▶ TASK INSTRUCTIONS: Which lines below contain "Analisis"? Copy every one of them.

(Data records)
*** Begin section ***
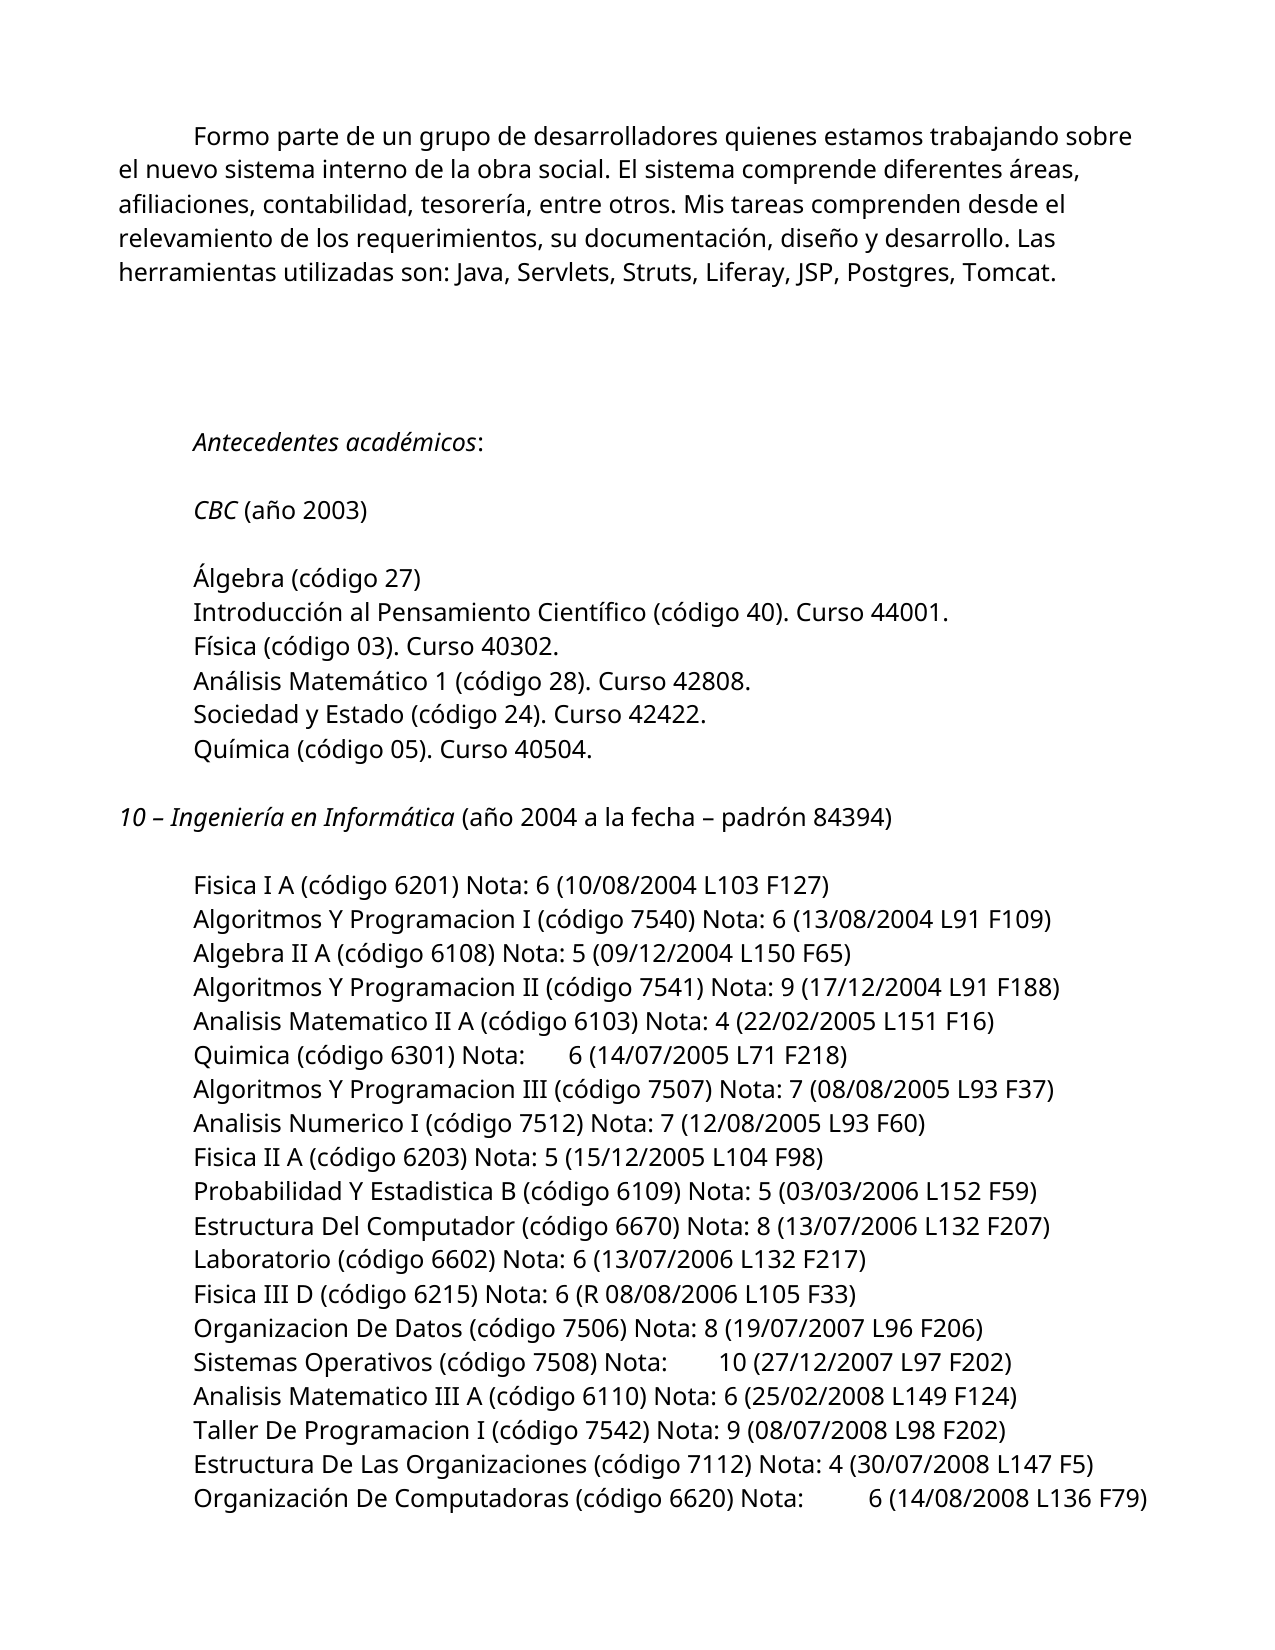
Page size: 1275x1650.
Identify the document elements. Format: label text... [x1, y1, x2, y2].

text Análisis Matemático 1 (código 28). Curso 42808. [118, 663, 1157, 697]
text Organización De Computadoras (código 6620) Nota: 6 (14/08/2008 L136 F79) [118, 1481, 1157, 1515]
text Antecedentes académicos: [118, 425, 1157, 459]
text Formo parte de un grupo de desarrolladores quienes estamos trabajando sobre el nuevo sistema interno de la obra social. El sistema comprende diferentes áreas, afiliaciones, contabilidad, tesorería, entre otros. Mis tareas comprenden desde el relevamiento de los requerimientos, su documentación, diseño y desarrollo. Las herramientas utilizadas son: Java, Servlets, Struts, Liferay, JSP, Postgres, Tomcat. [118, 118, 1157, 288]
text Quimica (código 6301) Nota: 6 (14/07/2005 L71 F218) [118, 1038, 1157, 1072]
text Sociedad y Estado (código 24). Curso 42422. [118, 697, 1157, 731]
text Analisis Matematico III A (código 6110) Nota: 6 (25/02/2008 L149 F124) [118, 1378, 1157, 1412]
text Taller De Programacion I (código 7542) Nota: 9 (08/07/2008 L98 F202) [118, 1412, 1157, 1447]
text Fisica I A (código 6201) Nota: 6 (10/08/2004 L103 F127) [118, 867, 1157, 902]
text Organizacion De Datos (código 7506) Nota: 8 (19/07/2007 L96 F206) [118, 1310, 1157, 1344]
text Analisis Numerico I (código 7512) Nota: 7 (12/08/2005 L93 F60) [118, 1106, 1157, 1140]
text Química (código 05). Curso 40504. [118, 731, 1157, 765]
text Algoritmos Y Programacion III (código 7507) Nota: 7 (08/08/2005 L93 F37) [118, 1072, 1157, 1106]
text Algebra II A (código 6108) Nota: 5 (09/12/2004 L150 F65) [118, 936, 1157, 970]
text Sistemas Operativos (código 7508) Nota: 10 (27/12/2007 L97 F202) [118, 1344, 1157, 1378]
text Fisica II A (código 6203) Nota: 5 (15/12/2005 L104 F98) [118, 1140, 1157, 1174]
text Estructura De Las Organizaciones (código 7112) Nota: 4 (30/07/2008 L147 F5) [118, 1447, 1157, 1481]
text Introducción al Pensamiento Científico (código 40). Curso 44001. [118, 595, 1157, 629]
text Laboratorio (código 6602) Nota: 6 (13/07/2006 L132 F217) [118, 1242, 1157, 1276]
text Analisis Matematico II A (código 6103) Nota: 4 (22/02/2005 L151 F16) [118, 1004, 1157, 1038]
text Algoritmos Y Programacion II (código 7541) Nota: 9 (17/12/2004 L91 F188) [118, 970, 1157, 1004]
text Estructura Del Computador (código 6670) Nota: 8 (13/07/2006 L132 F207) [118, 1208, 1157, 1242]
text Álgebra (código 27) [118, 561, 1157, 595]
text Física (código 03). Curso 40302. [118, 629, 1157, 663]
text Fisica III D (código 6215) Nota: 6 (R 08/08/2006 L105 F33) [118, 1276, 1157, 1310]
text Probabilidad Y Estadistica B (código 6109) Nota: 5 (03/03/2006 L152 F59) [118, 1174, 1157, 1208]
text Algoritmos Y Programacion I (código 7540) Nota: 6 (13/08/2004 L91 F109) [118, 902, 1157, 936]
text CBC (año 2003) [118, 493, 1157, 527]
text 10 – Ingeniería en Informática (año 2004 a la fecha – padrón 84394) [118, 799, 1157, 833]
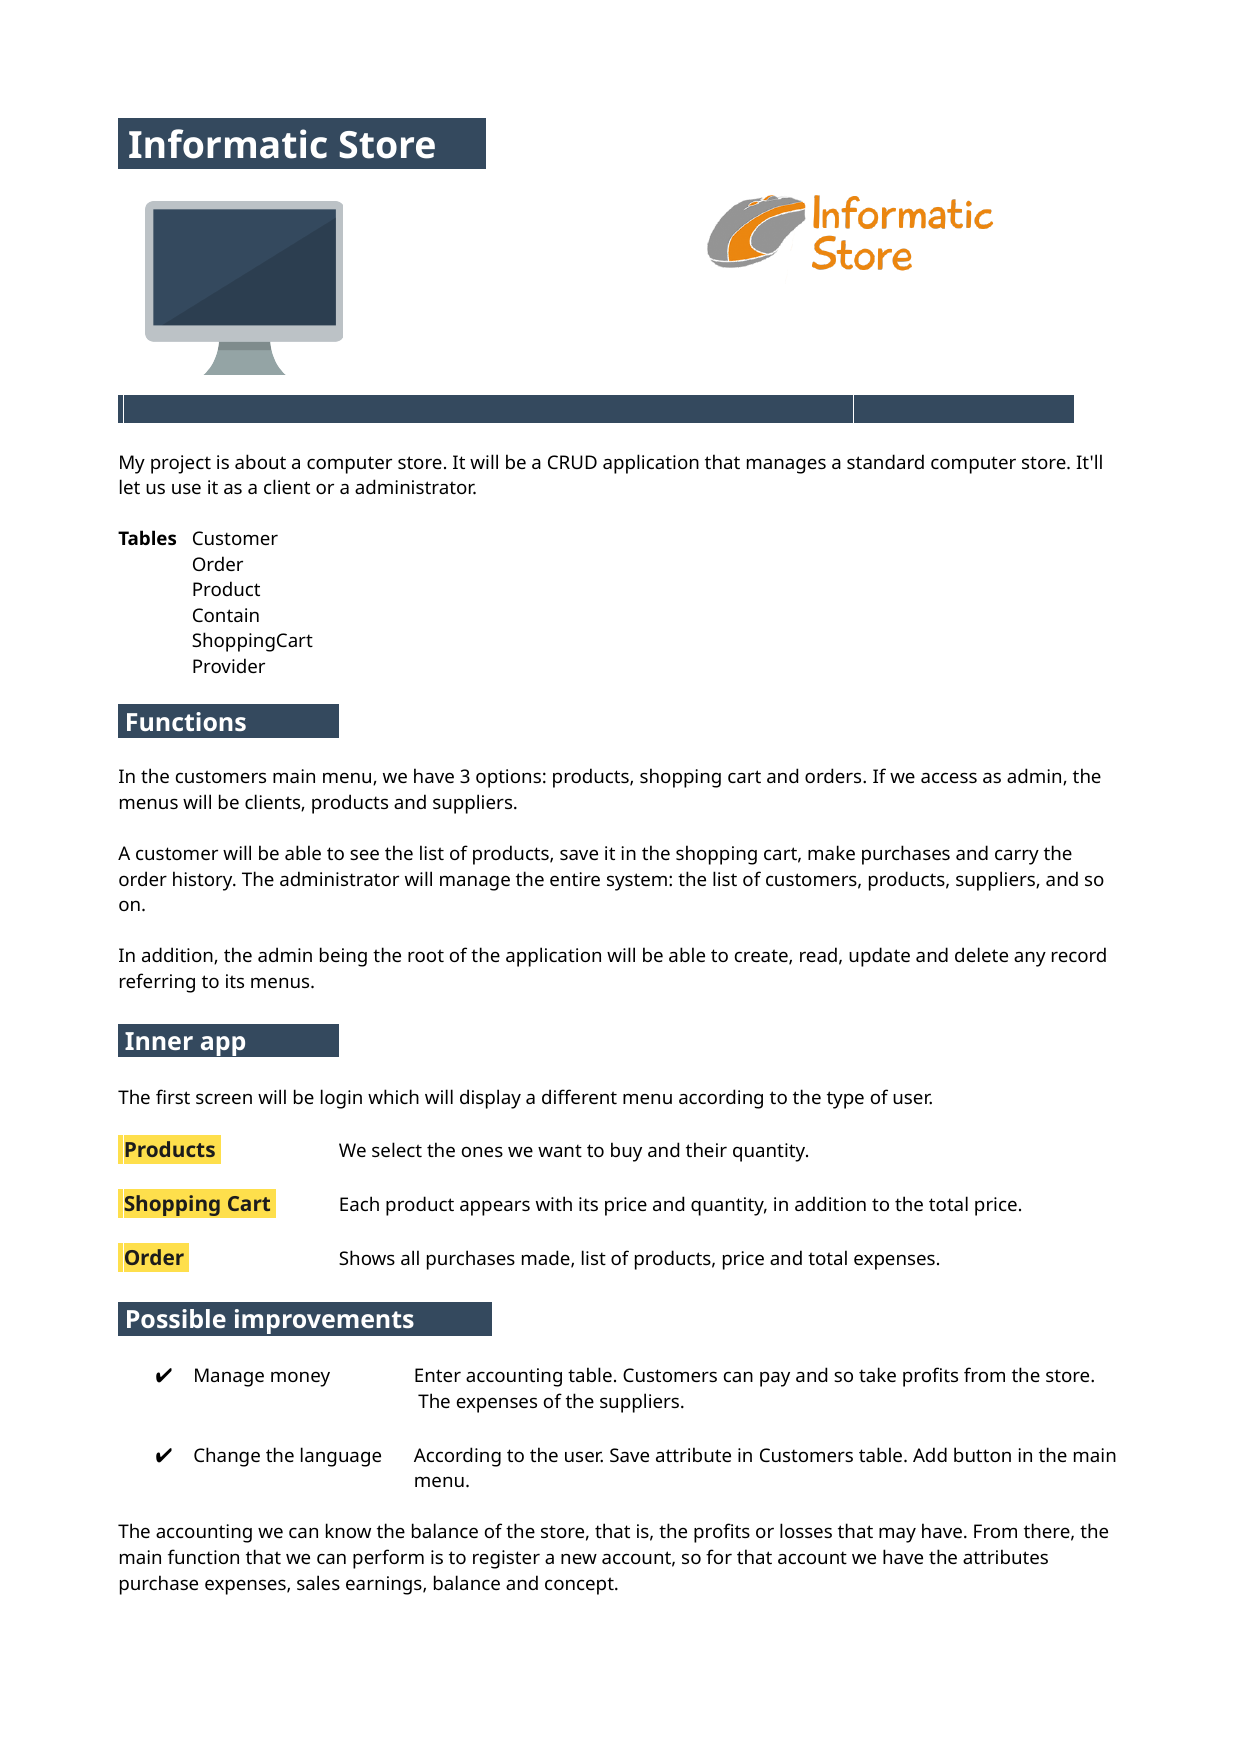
*** End section ***
▶ EXERCISE RESPONSE:
text Analisis Matematico III A (código 6110) Nota: 6 (25/02/2008 L149 F124) [118, 1378, 1157, 1412]
text Analisis Numerico I (código 7512) Nota: 7 (12/08/2005 L93 F60) [118, 1106, 1157, 1140]
text Analisis Matematico II A (código 6103) Nota: 4 (22/02/2005 L151 F16) [118, 1004, 1157, 1038]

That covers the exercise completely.